ASSIGNED TASK:
Lines holding the string "listed" are the ones to copy; find them all in the data.

DATA SUPPLIED:

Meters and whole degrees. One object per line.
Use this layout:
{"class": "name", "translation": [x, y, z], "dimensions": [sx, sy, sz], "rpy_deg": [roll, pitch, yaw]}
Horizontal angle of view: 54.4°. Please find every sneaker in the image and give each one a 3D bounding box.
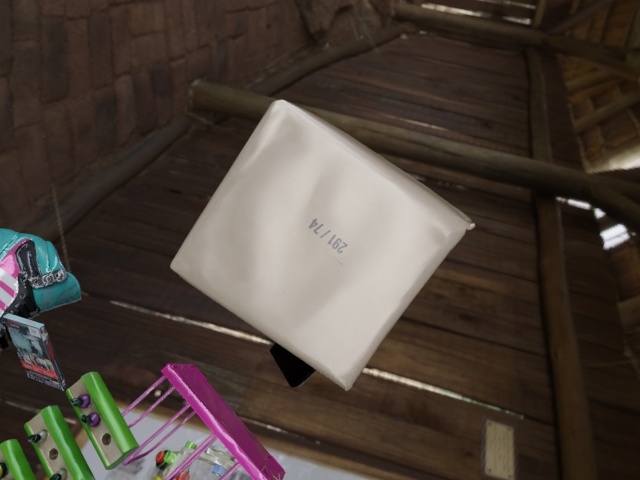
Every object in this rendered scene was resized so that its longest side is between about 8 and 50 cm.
{"class": "sneaker", "translation": [-0.505, 0.115, 1.065], "dimensions": [0.124, 0.178, 0.296], "rpy_deg": [128, -42, -58]}

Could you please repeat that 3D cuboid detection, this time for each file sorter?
{"class": "file sorter", "translation": [-0.233, 0.399, 1.161], "dimensions": [0.182, 0.291, 0.202], "rpy_deg": [-42, 171, -7]}

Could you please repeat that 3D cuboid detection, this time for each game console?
{"class": "game console", "translation": [-0.107, 0.196, 1.662], "dimensions": [0.043, 0.361, 0.213], "rpy_deg": [-11, 148, -43]}

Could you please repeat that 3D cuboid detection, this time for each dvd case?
{"class": "dvd case", "translation": [-0.439, 0.172, 0.960], "dimensions": [0.013, 0.087, 0.120], "rpy_deg": [-44, 134, -48]}

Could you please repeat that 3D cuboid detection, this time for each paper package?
{"class": "paper package", "translation": [0.000, 0.000, 0.934], "dimensions": [0.310, 0.324, 0.168], "rpy_deg": [-55, 180, 10]}

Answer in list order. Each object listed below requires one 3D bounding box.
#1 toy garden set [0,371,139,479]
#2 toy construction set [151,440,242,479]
{"class": "toy garden set", "translation": [-0.311, 0.305, 0.705], "dimensions": [0.244, 0.204, 0.049], "rpy_deg": [-40, 159, 4]}
{"class": "toy construction set", "translation": [-0.335, 0.602, 1.495], "dimensions": [0.215, 0.151, 0.328], "rpy_deg": [-20, -161, 44]}
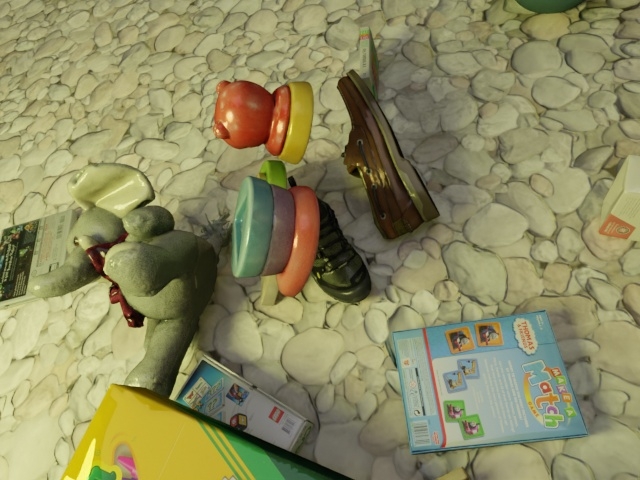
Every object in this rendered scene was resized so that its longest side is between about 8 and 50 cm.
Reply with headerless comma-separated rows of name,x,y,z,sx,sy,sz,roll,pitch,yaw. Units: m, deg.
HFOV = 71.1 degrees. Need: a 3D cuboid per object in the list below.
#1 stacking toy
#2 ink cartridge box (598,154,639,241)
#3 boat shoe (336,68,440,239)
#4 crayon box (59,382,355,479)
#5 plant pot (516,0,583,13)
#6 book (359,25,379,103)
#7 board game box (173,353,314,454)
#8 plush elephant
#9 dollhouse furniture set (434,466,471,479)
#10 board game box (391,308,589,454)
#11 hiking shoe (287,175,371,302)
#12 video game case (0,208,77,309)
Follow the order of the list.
stacking toy,-0.106,-0.059,0.669,0.130,0.279,0.309,6,61,-18
ink cartridge box,0.502,-0.041,0.598,0.198,0.115,0.067,14,66,21
boat shoe,0.082,-0.149,0.754,0.104,0.110,0.307,-30,68,17
crayon box,-0.162,0.388,0.479,0.313,0.106,0.363,21,71,6
plant pot,0.459,-0.562,0.852,0.290,0.195,0.290,-7,60,12
book,0.093,-0.335,0.885,0.035,0.096,0.144,-4,61,13
board game box,-0.168,0.337,0.608,0.193,0.053,0.305,24,70,24
plush elephant,-0.307,0.036,0.701,0.255,0.272,0.330,10,35,6
dollhouse furniture set,0.151,0.400,0.373,0.152,0.201,0.374,-29,50,2
board game box,0.213,0.187,0.595,0.211,0.039,0.160,-11,60,10
hiking shoe,0.000,0.000,0.714,0.086,0.114,0.227,-33,58,-4
video game case,-0.585,0.038,0.910,0.173,0.022,0.190,-14,60,7
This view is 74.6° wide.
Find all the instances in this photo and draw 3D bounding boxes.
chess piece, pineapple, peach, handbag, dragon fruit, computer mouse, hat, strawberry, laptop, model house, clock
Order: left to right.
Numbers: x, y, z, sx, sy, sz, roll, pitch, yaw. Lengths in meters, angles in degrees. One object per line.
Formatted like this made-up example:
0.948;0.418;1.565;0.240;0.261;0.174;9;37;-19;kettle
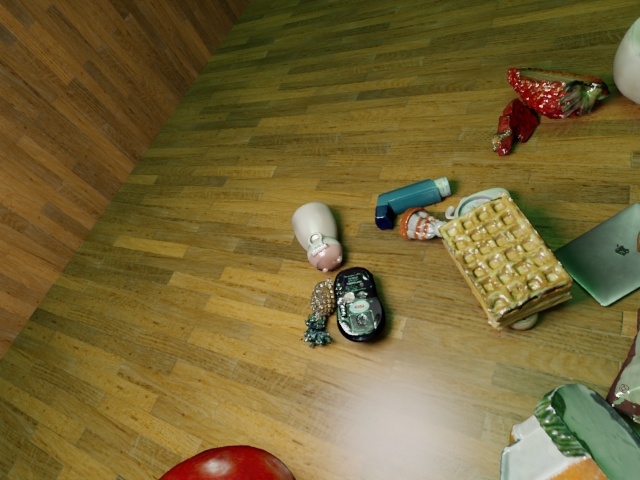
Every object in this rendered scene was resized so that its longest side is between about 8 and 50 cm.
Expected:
-0.236;0.638;0.940;0.406;0.335;0.310;-41;27;2;peach
0.007;0.213;1.278;0.103;0.083;0.222;1;58;25;pineapple
0.111;0.189;1.222;0.137;0.096;0.234;-6;56;1;computer mouse
0.324;-0.041;1.269;0.112;0.094;0.162;-49;41;-13;hat
0.472;-0.069;1.243;0.190;0.062;0.152;-14;54;20;clock
0.620;-0.351;1.379;0.192;0.122;0.092;-63;14;-18;dragon fruit
0.503;0.185;1.060;0.083;0.038;0.084;-15;53;21;chess piece
0.739;-0.476;1.356;0.233;0.138;0.306;-8;31;-17;strawberry
0.465;0.472;0.818;0.301;0.190;0.272;-54;53;30;model house
0.753;0.029;1.051;0.269;0.015;0.188;-33;48;4;laptop
0.714;0.270;0.825;0.212;0.127;0.235;22;72;36;handbag

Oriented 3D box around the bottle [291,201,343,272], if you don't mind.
0.000;0.000;1.398;0.147;0.147;0.237;-27;53;8;bottle

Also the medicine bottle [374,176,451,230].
0.295;-0.128;1.370;0.258;0.079;0.124;-19;46;15;medicine bottle

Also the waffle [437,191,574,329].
0.463;0.049;1.078;0.212;0.091;0.308;-29;52;11;waffle

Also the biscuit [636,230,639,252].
0.826;0.044;0.951;0.183;0.047;0.320;5;70;38;biscuit

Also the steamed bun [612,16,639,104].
1.002;-0.501;1.170;0.323;0.206;0.325;-13;55;18;steamed bun
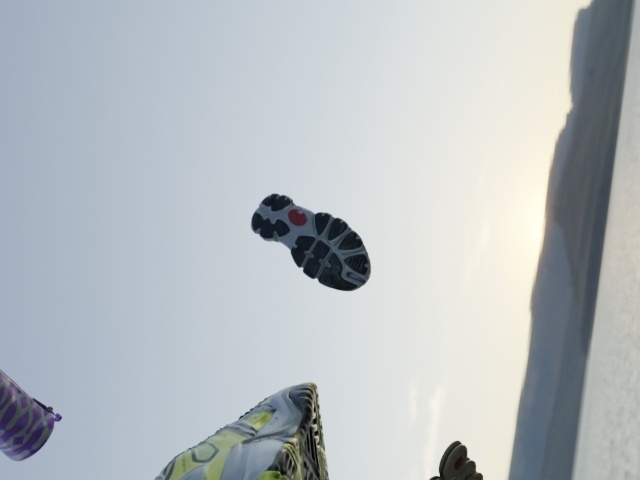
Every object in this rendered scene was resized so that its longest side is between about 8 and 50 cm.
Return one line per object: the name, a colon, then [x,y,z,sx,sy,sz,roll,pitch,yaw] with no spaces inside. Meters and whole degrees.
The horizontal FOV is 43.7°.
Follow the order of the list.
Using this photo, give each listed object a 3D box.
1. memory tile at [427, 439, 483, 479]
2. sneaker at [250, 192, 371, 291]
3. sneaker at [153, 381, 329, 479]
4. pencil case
memory tile: [0.121,0.262,0.755,0.113,0.012,0.148,-53,-39,-18]
sneaker: [0.000,0.000,0.854,0.071,0.170,0.068,26,-82,-48]
sneaker: [-0.072,0.215,0.720,0.385,0.147,0.145,33,-133,-81]
pencil case: [-0.439,0.207,1.066,0.088,0.086,0.206,-41,-57,-13]
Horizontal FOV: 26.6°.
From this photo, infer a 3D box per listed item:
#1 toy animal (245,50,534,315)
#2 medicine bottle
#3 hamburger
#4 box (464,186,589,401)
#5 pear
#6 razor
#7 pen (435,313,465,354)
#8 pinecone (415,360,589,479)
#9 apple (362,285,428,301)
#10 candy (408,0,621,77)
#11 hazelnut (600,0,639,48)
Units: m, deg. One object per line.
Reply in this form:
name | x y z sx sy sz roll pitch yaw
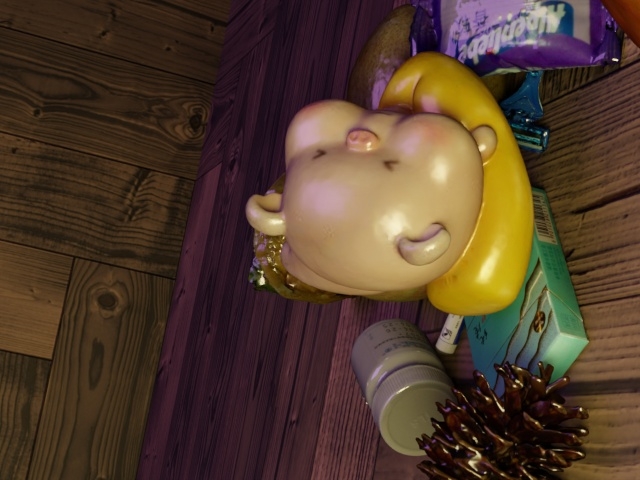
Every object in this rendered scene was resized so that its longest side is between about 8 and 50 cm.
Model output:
toy animal | 0.047 -0.066 1.425 0.345 0.246 0.278 12 99 48
medicine bottle | 0.101 0.171 1.613 0.168 0.105 0.105 -115 42 -65
hamburger | 0.000 0.000 1.925 0.130 0.206 0.183 12 90 53
box | 0.210 0.073 1.446 0.229 0.041 0.162 -95 26 -47
pear | 0.125 -0.172 1.648 0.228 0.188 0.211 120 169 -58
razor | 0.259 -0.262 1.544 0.056 0.093 0.324 22 -96 -71
pen | 0.182 0.043 1.592 0.025 0.025 0.204 -116 44 -64
pinecone | 0.179 0.191 1.280 0.165 0.163 0.163 -59 18 1
apple | 0.056 -0.012 1.773 0.265 0.193 0.120 -100 19 -47
candy | 0.213 -0.243 1.483 0.275 0.070 0.145 -3 72 33
hazelnut | 0.334 -0.256 0.842 0.420 0.352 0.421 25 124 43

WRITTEN RESPONSE:
Answer in list order. Each object listed below requires one 3D bounding box.
Using this photo, give each listed object a 3D box.
From this photo, infer a 3D box per listed item:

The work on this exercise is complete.